If you stick to the "$QAP^{-1}$ convention" and do things horizontally, then $(Q^{-1})^{\top}$ is what gives you the basis and $P^{-1})^{\top}$ is what gives you the generators. To avoid transposing, take $\begin{pmatrix}1&1&4\\2&-1&-2\end{pmatrix}$.
Using elementary row and column operations and recording them in matrix form, I get that $$QAP^{-1}=\begin{pmatrix}1&0&0\\0&3&0\end{pmatrix}$$
where $Q=\begin{pmatrix}1&0\\-2&1\end{pmatrix}$ and $P=\begin{pmatrix}1&1&4\\0&-1&-2\\0&0&1\end{pmatrix}$, since $P^{-1}=\begin{pmatrix}1&1&-2\\0&-1&2\\0&0&1\end{pmatrix}$.
As it is known, our good generators are now given by $(f_1',f_2')=Q(f_1,f_2)^{\top}$ where $f_1=e_1+e_2+4e_3$ and $f_2=2e_1-e_2+2e_3$, so that $f_1'=f_1$ and $f_2'= -3e_2-6e_3=-3(e_2+2e_3)$.

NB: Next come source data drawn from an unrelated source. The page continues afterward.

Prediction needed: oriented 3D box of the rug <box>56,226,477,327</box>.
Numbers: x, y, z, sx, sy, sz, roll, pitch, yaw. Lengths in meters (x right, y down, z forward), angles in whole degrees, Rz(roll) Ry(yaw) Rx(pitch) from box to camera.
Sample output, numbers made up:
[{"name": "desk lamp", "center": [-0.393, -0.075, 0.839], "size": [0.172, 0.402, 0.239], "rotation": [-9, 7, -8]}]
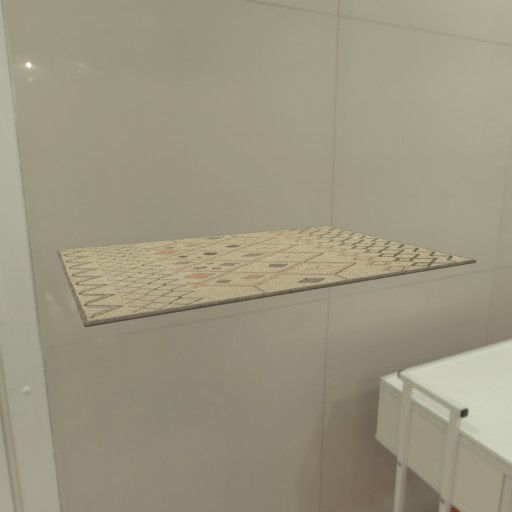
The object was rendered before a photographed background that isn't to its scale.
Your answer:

And our good basis is given by $(e_1',e_2',e_3')=P(e_1,e_2,e_3)^{\top}$, so that $e_1'=f_1'=f_1$ and $e_2'=-e_2-2e_3$ and $f_2'=3e_2'$.
Now $x_1+2x_3=(1,0,2)= (1,1,4)+(0,-1,-2)=e_1'+e_2'$. I say this has order $3$ in the quotient.